- Born: October 10, 1945 (age 80)
- Education: University of California, Davis (B.S., 1967) University of California, Davis (M.S., 1969) Harvard University (Ph.D., 1975)
- Occupation: Professor of plant biology
- Employer: University of California, Berkeley
- Organization: Department of Plant & Microbial Biology
- Awards: Distinguished Teaching Award - UC Berkeley - 1996

= Lewis J. Feldman =

American botanist

Lewis Jeffrey Feldman (born October 10, 1945) is a professor of plant biology at the University of California, Berkeley, Director of the University of California Botanical Garden and previously Associate Dean for Academic Affairs in the College of Natural Resources. He is in the Department of Plant and Microbial Biology.
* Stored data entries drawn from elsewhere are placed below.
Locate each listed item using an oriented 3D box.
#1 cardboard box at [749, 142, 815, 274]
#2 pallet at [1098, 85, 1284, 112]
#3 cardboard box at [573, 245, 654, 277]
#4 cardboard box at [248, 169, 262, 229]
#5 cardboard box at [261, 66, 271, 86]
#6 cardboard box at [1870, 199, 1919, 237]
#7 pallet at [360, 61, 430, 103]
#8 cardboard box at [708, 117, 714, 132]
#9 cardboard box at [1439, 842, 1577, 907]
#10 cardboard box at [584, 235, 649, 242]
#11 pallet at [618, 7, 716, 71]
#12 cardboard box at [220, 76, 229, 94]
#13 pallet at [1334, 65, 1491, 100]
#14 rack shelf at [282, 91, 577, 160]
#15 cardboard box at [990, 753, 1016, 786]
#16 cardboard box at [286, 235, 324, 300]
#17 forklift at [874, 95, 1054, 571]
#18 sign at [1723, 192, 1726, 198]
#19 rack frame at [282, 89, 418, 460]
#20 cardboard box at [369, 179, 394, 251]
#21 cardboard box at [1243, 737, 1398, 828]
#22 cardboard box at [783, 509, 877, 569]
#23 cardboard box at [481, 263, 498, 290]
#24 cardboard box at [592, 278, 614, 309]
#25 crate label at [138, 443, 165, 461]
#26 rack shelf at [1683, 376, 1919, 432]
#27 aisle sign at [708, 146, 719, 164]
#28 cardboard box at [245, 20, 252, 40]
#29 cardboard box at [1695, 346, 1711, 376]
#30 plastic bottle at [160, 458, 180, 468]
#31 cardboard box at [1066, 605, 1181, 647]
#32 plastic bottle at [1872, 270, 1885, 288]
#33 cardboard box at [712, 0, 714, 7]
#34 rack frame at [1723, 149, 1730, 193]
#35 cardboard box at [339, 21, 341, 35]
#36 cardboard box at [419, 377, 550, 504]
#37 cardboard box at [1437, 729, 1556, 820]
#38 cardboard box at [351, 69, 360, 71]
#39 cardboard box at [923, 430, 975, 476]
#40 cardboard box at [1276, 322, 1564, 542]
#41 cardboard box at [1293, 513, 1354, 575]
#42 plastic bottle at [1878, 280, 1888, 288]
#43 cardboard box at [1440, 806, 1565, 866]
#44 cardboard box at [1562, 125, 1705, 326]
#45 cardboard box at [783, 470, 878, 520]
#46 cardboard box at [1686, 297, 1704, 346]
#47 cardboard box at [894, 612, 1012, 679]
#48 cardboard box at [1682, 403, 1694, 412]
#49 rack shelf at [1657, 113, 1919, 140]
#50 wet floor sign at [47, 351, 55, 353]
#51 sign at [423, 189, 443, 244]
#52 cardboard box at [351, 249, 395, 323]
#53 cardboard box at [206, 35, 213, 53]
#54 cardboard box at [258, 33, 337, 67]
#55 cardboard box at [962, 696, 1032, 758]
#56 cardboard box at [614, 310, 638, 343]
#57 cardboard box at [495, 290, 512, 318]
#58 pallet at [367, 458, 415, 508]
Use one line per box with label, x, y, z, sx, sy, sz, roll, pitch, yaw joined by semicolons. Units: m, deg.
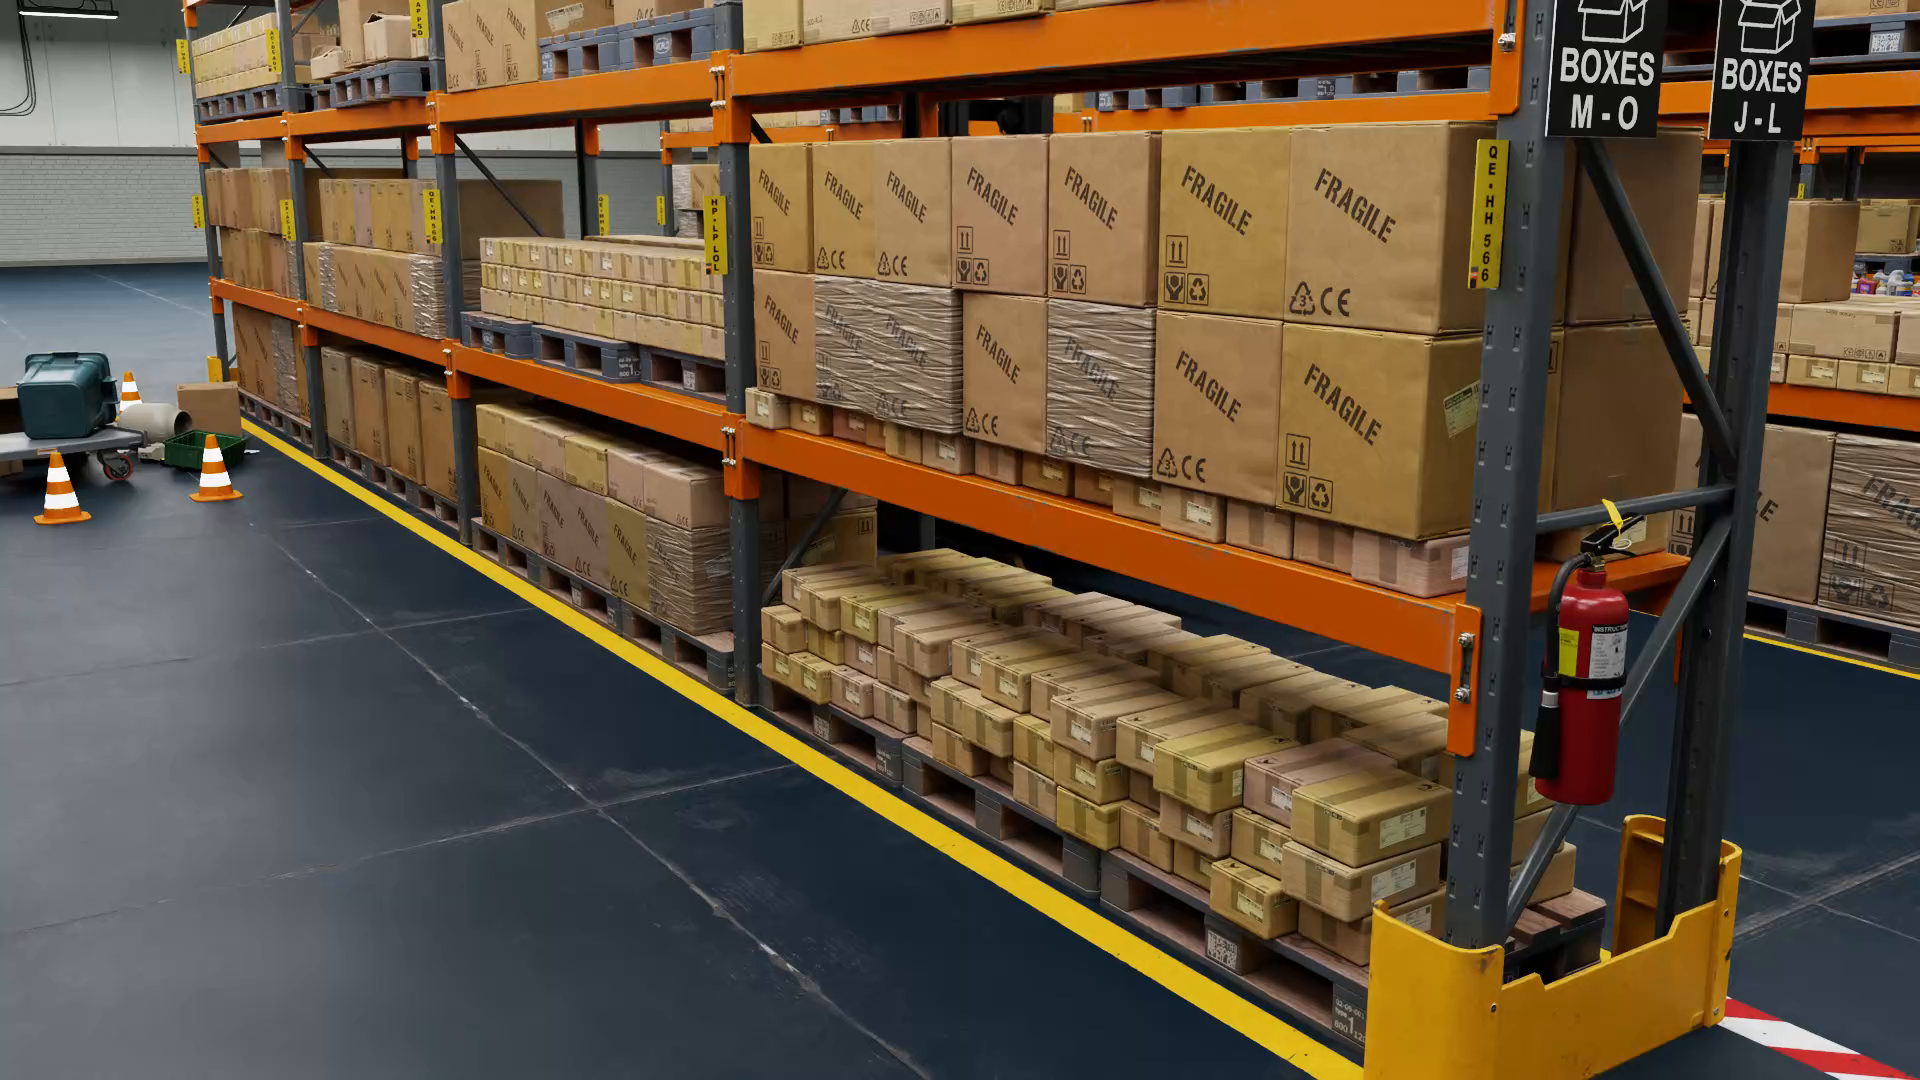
cardboard box;-0.518;-1.352;6.753;0.500;0.500;0.500;-8;14;-31
pallet;1.805;-3.324;12.461;1.213;0.211;1.003;-7;14;-30
cardboard box;-1.822;-1.480;8.819;0.380;0.149;0.250;-8;15;-34
cardboard box;-6.060;-3.162;15.419;0.875;0.550;0.500;-8;15;-33
cardboard box;-5.605;-3.870;13.886;0.380;0.149;0.250;-8;15;-32
cardboard box;12.797;-4.383;22.620;0.700;0.500;0.500;-8;15;-33
pallet;-3.182;-2.971;10.849;1.213;0.211;1.003;-7;14;-30
cardboard box;-2.415;-4.578;18.105;0.500;0.250;0.500;-8;15;-33
cardboard box;1.627;0.989;5.007;0.380;0.149;0.250;-8;15;-32
cardboard box;-2.128;-1.830;10.422;0.380;0.149;0.250;-9;15;-35
pallet;-0.819;-2.275;7.660;1.213;0.211;1.003;-8;15;-33
cardboard box;-6.592;-4.186;15.332;0.380;0.149;0.250;-8;15;-33
pallet;3.071;-2.877;10.422;0.805;0.209;1.217;-9;15;-35
rack shelf;-3.890;-2.960;12.037;1.077;0.370;4.000;-8;15;-33
cardboard box;0.331;0.775;5.985;0.380;0.149;0.250;-8;14;-31
cardboard box;-5.212;-2.339;14.185;0.875;0.550;0.550;-8;15;-33
forklift;0.492;-1.310;9.991;1.130;2.935;3.031;-10;16;-40
sign;11.111;-4.887;24.160;0.100;0.325;0.005;-8;15;-33
rack frame;-4.998;-2.201;13.907;1.000;3.000;0.127;-8;15;-33
cardboard box;-3.873;-2.380;12.149;0.700;0.500;0.500;-8;15;-33
cardboard box;1.055;0.714;4.873;0.380;0.149;0.250;-8;15;-32
cardboard box;-0.754;0.075;8.368;0.500;0.500;0.500;-7;14;-31
cardboard box;-2.681;-1.608;10.103;0.380;0.149;0.250;-7;14;-30
cardboard box;-1.684;-1.288;8.638;0.380;0.149;0.250;-8;15;-33
crate label;-6.702;-0.732;13.890;0.250;0.136;0.298;4;13;16
rack shelf;4.728;-0.641;8.454;1.077;0.370;4.000;-8;15;-33
aisle sign;-2.813;-4.798;19.698;0.394;0.787;0.004;-8;15;-33
cardboard box;-5.882;-4.349;14.211;0.380;0.149;0.250;-8;15;-32
cardboard box;4.088;-0.948;8.761;0.380;0.149;0.250;-8;15;-34
plastic bottle;-6.407;-0.636;13.629;0.283;0.061;0.133;6;14;26
cardboard box;0.632;0.374;6.428;0.380;0.149;0.250;-9;15;-35
plastic bottle;7.560;-2.088;13.687;0.097;0.271;0.097;0;12;0
cardboard box;-0.684;-2.578;7.393;0.700;0.500;0.500;-8;15;-33
rack frame;11.558;-4.529;24.553;1.000;3.000;0.127;-8;15;-33
cardboard box;-5.059;-4.338;14.160;0.380;0.149;0.250;-8;15;-33
cardboard box;-3.044;-0.715;11.394;1.050;0.750;0.750;-8;15;-34
cardboard box;1.643;0.696;4.954;0.380;0.149;0.250;-9;15;-35
cardboard box;-4.137;-3.497;11.909;0.396;0.266;0.258;-8;15;-33
cardboard box;0.089;-0.338;5.976;0.380;0.149;0.250;-7;14;-30
cardboard box;1.188;-0.311;4.332;0.500;0.500;0.500;-8;15;-32
cardboard box;1.128;-0.018;4.510;0.380;0.149;0.250;-8;15;-33
plastic bottle;7.508;-2.011;13.503;0.097;0.201;0.097;0;12;0
cardboard box;1.574;0.851;4.941;0.380;0.149;0.250;-7;14;-30
cardboard box;1.623;-0.861;4.508;0.500;0.500;0.500;-8;15;-33
cardboard box;-0.755;-0.292;8.287;0.500;0.250;0.500;-9;15;-35
cardboard box;3.933;-1.216;9.057;0.500;0.250;0.500;-8;15;-33
cardboard box;-0.026;0.398;6.319;0.380;0.149;0.250;-8;15;-32
cardboard box;3.919;-0.388;9.606;0.875;0.875;0.875;-8;15;-33
rack shelf;6.635;-3.404;14.067;1.077;0.370;4.000;-8;15;-33
wet floor sign;-8.878;-1.533;16.364;0.267;0.644;0.232;-12;17;-42
sign;-3.242;-1.989;10.227;0.100;0.325;0.005;-8;15;-33
cardboard box;-4.094;-1.856;12.092;0.500;0.500;0.500;-8;15;-32
cardboard box;-6.874;-4.667;15.664;0.380;0.149;0.250;-8;15;-32
cardboard box;-5.484;-4.050;13.777;0.500;0.250;0.500;-8;15;-33
cardboard box;0.232;0.639;5.914;0.380;0.149;0.250;-8;15;-32
cardboard box;-1.529;-1.092;8.441;0.380;0.149;0.250;-9;15;-35
cardboard box;-2.553;-1.421;9.945;0.380;0.149;0.250;-7;14;-30
pallet;-3.827;-0.494;12.625;1.003;0.211;1.213;-8;15;-33

Feldman has taught at Berkeley since 1978. He received Berkeley's Distinguished Teaching Award in 1996. Feldman's research focuses on regulation of development in meristems/stem cells, root gravitropism, and redox regulation of plant development.

After graduating in 1963 from Sunset High School in Hayward, California, Feldman attended the University of California, Davis, earning a B.S. in 1967, then an M.S. in 1969, both in Botany. He received a Ph.D. in biology from Harvard University in 1975.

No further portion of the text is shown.